Aaron Levie, CEO of the enterprise cloud company Box, recently pointed out that when people watch AI at work, they are most likely seeing it take over the first 80 percent of a task—the heavy lifting of repetitive processing. The last 20 percent is where you come in. Your domain expertise, judgment, and relationships. That is what makes you irreplaceable. AI can finally give you the space to add human value at work.
“The extra 20 percent, it turns out, is all the value creation of that profession. All the expertise and domain knowledge is in that last 20 percent, not the text that got generated,” Levie said in an interview with Casey Newton of Platformer, the online publication about tech and democracy. I couldn’t agree more.
Your judgment is valuable
Take the work of a lawyer. Junior associates spend most of their week reading precedents, looking for case connections, and summarizing legal statements. That’s the 80 percent of the work. The long, tedious, trainable, reproducible task. No client hires a lawyer just for that. They expect them to make a better and more persuasive case for them to win. To convince the judge. To save the dying deal. The 20 percent only you can do. The practical human value. AI work feels like completion, but it’s not. Not even close. It’s good at execution, but the meaning and context are all up to you.
The career anxiety you feel about AI is normal, but it may be misdirected. When people say “AI is taking my job,” they usually mean it’s taking their tasks. Writing code, analyzing long documents, and doing the research. The first pass. And yes, super-intelligent machines are coming for those. If you built your professional identity entirely by executing tasks, that’s hard reckoning.
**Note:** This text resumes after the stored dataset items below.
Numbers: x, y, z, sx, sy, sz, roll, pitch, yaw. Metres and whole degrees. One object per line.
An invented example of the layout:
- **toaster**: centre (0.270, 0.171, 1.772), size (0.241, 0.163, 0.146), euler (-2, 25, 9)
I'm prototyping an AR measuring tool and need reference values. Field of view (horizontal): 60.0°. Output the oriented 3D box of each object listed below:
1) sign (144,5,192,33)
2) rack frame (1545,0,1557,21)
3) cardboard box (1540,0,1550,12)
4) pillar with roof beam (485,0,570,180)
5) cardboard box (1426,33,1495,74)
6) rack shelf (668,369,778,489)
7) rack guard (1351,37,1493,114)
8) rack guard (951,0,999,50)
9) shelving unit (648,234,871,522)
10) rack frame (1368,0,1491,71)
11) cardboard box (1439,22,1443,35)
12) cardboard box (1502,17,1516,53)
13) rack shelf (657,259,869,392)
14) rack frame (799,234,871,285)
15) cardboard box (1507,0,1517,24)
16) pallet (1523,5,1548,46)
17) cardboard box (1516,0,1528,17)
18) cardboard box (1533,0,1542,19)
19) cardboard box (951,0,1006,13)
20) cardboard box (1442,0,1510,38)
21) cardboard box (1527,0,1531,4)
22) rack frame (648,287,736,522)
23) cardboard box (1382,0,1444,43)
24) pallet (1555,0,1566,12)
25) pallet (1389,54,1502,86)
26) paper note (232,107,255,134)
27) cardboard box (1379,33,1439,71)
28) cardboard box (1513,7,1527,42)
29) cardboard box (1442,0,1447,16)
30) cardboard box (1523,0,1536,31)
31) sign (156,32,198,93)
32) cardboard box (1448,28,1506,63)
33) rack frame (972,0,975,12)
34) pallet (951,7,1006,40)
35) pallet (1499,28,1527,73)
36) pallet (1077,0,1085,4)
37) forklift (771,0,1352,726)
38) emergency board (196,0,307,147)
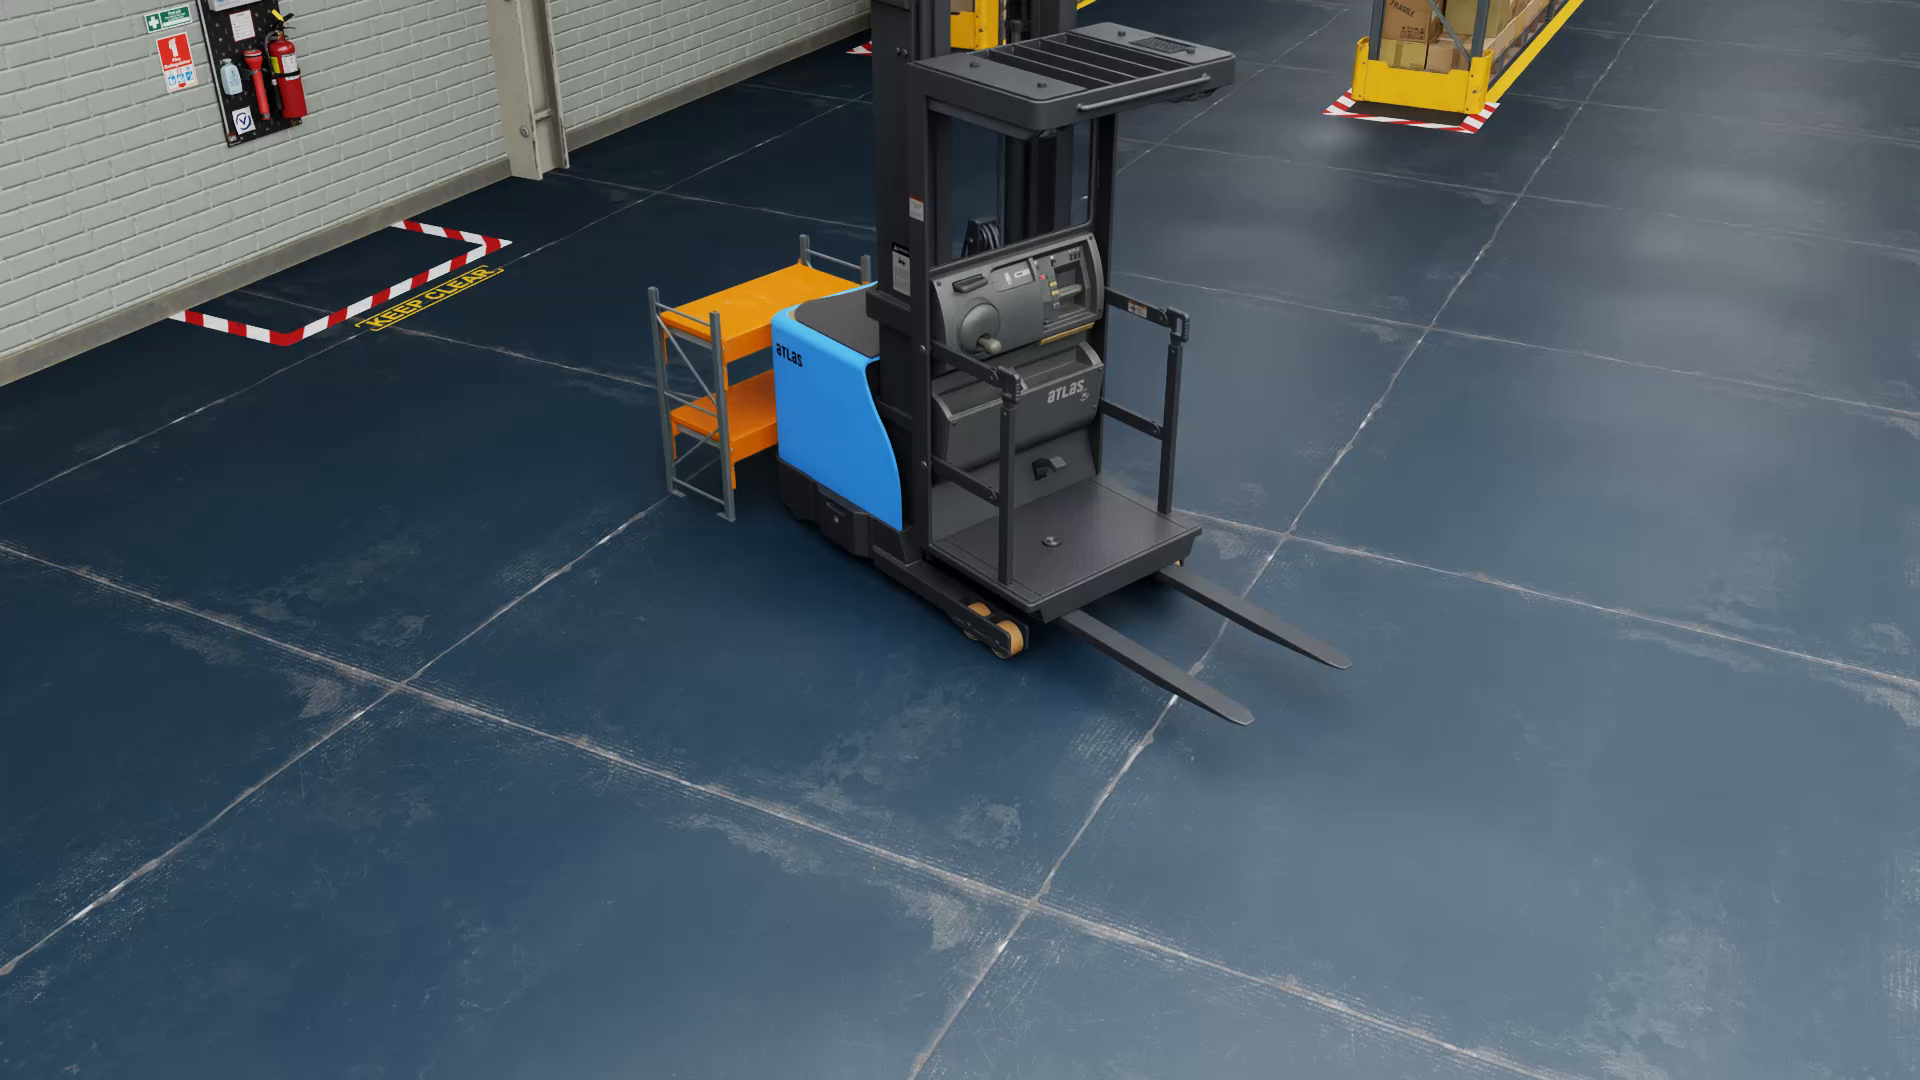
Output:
- **sign**: centre (-4.894, -3.223, 10.283), size (0.001, 0.109, 0.331), euler (14, 33, 23)
- **rack frame**: centre (6.018, -7.091, 17.586), size (1.000, 3.000, 0.127), euler (14, 33, 23)
- **cardboard box**: centre (6.001, -5.826, 17.722), size (0.500, 0.250, 0.500), euler (14, 33, 23)
- **pillar with roof beam**: centre (0.432, -5.911, 9.508), size (9.100, 9.000, 0.400), euler (14, 33, 23)
- **cardboard box**: centre (4.638, -4.495, 15.404), size (0.500, 0.250, 0.500), euler (14, 33, 23)
- **rack shelf**: centre (-0.993, -0.644, 8.732), size (0.538, 0.278, 1.000), euler (24, 38, 35)
- **rack guard**: centre (4.185, -4.223, 15.102), size (1.175, 0.500, 0.348), euler (14, 33, 23)
- **rack guard**: centre (-0.181, -5.390, 17.133), size (1.175, 0.500, 0.348), euler (14, 33, 23)
- **shelving unit**: centre (-0.993, -0.856, 8.610), size (0.538, 1.125, 1.048), euler (24, 38, 35)
- **rack frame**: centre (4.195, -5.318, 14.498), size (1.000, 3.000, 0.127), euler (14, 33, 23)
- **cardboard box**: centre (4.394, -4.837, 16.000), size (0.500, 0.250, 0.500), euler (14, 33, 23)
- **cardboard box**: centre (5.090, -4.939, 16.178), size (0.500, 0.250, 0.500), euler (14, 33, 23)
- **rack shelf**: centre (-0.993, -1.109, 8.465), size (0.538, 0.278, 1.000), euler (24, 38, 35)
- **rack frame**: centre (-0.654, -1.044, 8.939), size (0.500, 1.125, 0.032), euler (24, 38, 35)
- **cardboard box**: centre (5.080, -5.267, 15.995), size (0.500, 0.500, 0.500), euler (14, 33, 23)
- **pallet**: centre (5.618, -5.539, 17.683), size (1.003, 0.211, 1.213), euler (14, 33, 23)
- **cardboard box**: centre (5.323, -5.484, 16.374), size (0.500, 0.500, 0.500), euler (14, 33, 23)
- **cardboard box**: centre (5.764, -5.606, 17.340), size (0.500, 0.250, 0.500), euler (14, 33, 23)
- **cardboard box**: centre (0.179, -5.751, 17.511), size (0.500, 0.311, 0.500), euler (11, 32, 18)
- **cardboard box**: centre (4.864, -5.042, 15.604), size (0.500, 0.500, 0.500), euler (14, 33, 23)
- **cardboard box**: centre (5.538, -5.709, 16.766), size (0.500, 0.500, 0.500), euler (14, 33, 23)
- **rack frame**: centre (-1.333, -0.667, 8.282), size (0.500, 1.125, 0.032), euler (24, 38, 35)
- **cardboard box**: centre (4.175, -4.938, 15.423), size (0.500, 0.500, 0.500), euler (14, 33, 23)
- **pallet**: centre (6.319, -6.217, 18.865), size (1.003, 0.211, 1.213), euler (14, 33, 23)
- **pallet**: centre (4.507, -4.457, 15.799), size (1.003, 0.211, 1.213), euler (14, 33, 23)
- **paper note**: centre (-4.702, -2.755, 10.920), size (0.016, 0.148, 0.142), euler (14, 33, 23)
- **cardboard box**: centre (4.177, -4.612, 15.609), size (0.500, 0.250, 0.500), euler (14, 33, 23)
- **cardboard box**: centre (5.323, -5.159, 16.562), size (0.500, 0.250, 0.500), euler (14, 33, 23)
- **cardboard box**: centre (4.617, -5.385, 16.201), size (0.500, 0.500, 0.500), euler (14, 33, 23)
- **cardboard box**: centre (5.550, -5.381, 16.948), size (0.500, 0.250, 0.500), euler (14, 33, 23)
- **sign**: centre (-4.904, -2.993, 10.415), size (0.001, 0.329, 0.234), euler (14, 33, 23)
- **cardboard box**: centre (4.862, -4.717, 15.792), size (0.500, 0.250, 0.500), euler (14, 33, 23)
- **rack frame**: centre (-0.216, -6.440, 16.452), size (1.000, 3.000, 0.127), euler (14, 33, 23)
- **pallet**: centre (0.220, -5.616, 17.818), size (1.003, 0.211, 1.213), euler (14, 33, 23)
- **pallet**: centre (5.063, -4.996, 16.738), size (1.003, 0.211, 1.213), euler (14, 33, 23)
- **pallet**: centre (0.777, -6.155, 18.757), size (1.003, 0.211, 1.213), euler (14, 33, 23)
- **forklift**: centre (0.403, -1.033, 7.105), size (1.130, 2.935, 3.031), euler (-23, 37, -34)
- **emergency board**: centre (-4.560, -3.200, 10.810), size (0.194, 1.169, 0.643), euler (14, 33, 23)

The good news is, your knowledge from doing and experience is still relevant. All of that makes your judgment valuable. AI cannot replicate that. Domain expertise under pressure must count for something. A cybersecurity engineer knows exactly what steps to take when an attack is live. Making that call in real time with incomplete information changes their approach. Data doesn’t always give a clear answer.
You have to decide anyway. Who bears that decision? Not the AI. It can notice the patterns. But it’s the engineer who must come up with a specific solution to solve the problem.
Most companies are limited by execution capacity. They can’t pursue every good idea because they don’t have the people to execute them all. When AI takes care of the execution, the constraint becomes the quality of the ideas. The clarity of human judgment. And the client relationships they can’t afford to lose. If you still want to hold onto the 80 percent, you’re running in the wrong direction. You can’t compete with AI on speed. Focus on honing your quality of judgment.
The value and usefulness only a human perspective can fill. Your clients don’t buy your services just for the deliverables; they buy the peace of mind too. And they also like to work with people with a better reputation. Trust is not a digital asset.
In the future of work, the world will reward the 20 percent more.
The calculator case
When calculators became universal, they didn’t make mathematicians obsolete. They just took over repetitive math, which freed mathematicians to spend more time on quality and better mathematical thinking. The profession evolved upward. The entry-level work disappeared. The high-level work expanded. AI is doing the same thing to knowledge work. At scale. Only it’s happening everywhere, in every field, all at once. Build the kind of expertise that requires better judgment. And relationship capital that compounds over time.
Develop your specific point of view at work. What AI can’t do is replace your original perspective earned through engagement with practical problems over time. Your distinct angle on your field, built from specific experience, failures, and observations is what matters. It’s the experience that makes your presence valuable in the room. The threat from AI is understandable. The pace of change is insane. Some jobs and skills are becoming less valuable. Don’t stay terrified. Fear takes away your ability to think clearly. It makes us hold onto the routine tasks we feel safe doing. But routine tasks are exactly what the machines want.
If you’ve been doing meaningful work for any serious amount of time, you’ve accumulated things AI cannot access. AI is taking the parts of your job you probably didn’t love that much anyway. Even that requires your input. If you feed AI the wrong ideas, it will give you a brilliant, highly optimized wrong answer. The rarest skill right now is the ability to diagnose the actual problem before rushing to fix it. You are still needed for work that requires your specific experience. Don’t underestimate what you’ve already built. You have what it takes to survive AI.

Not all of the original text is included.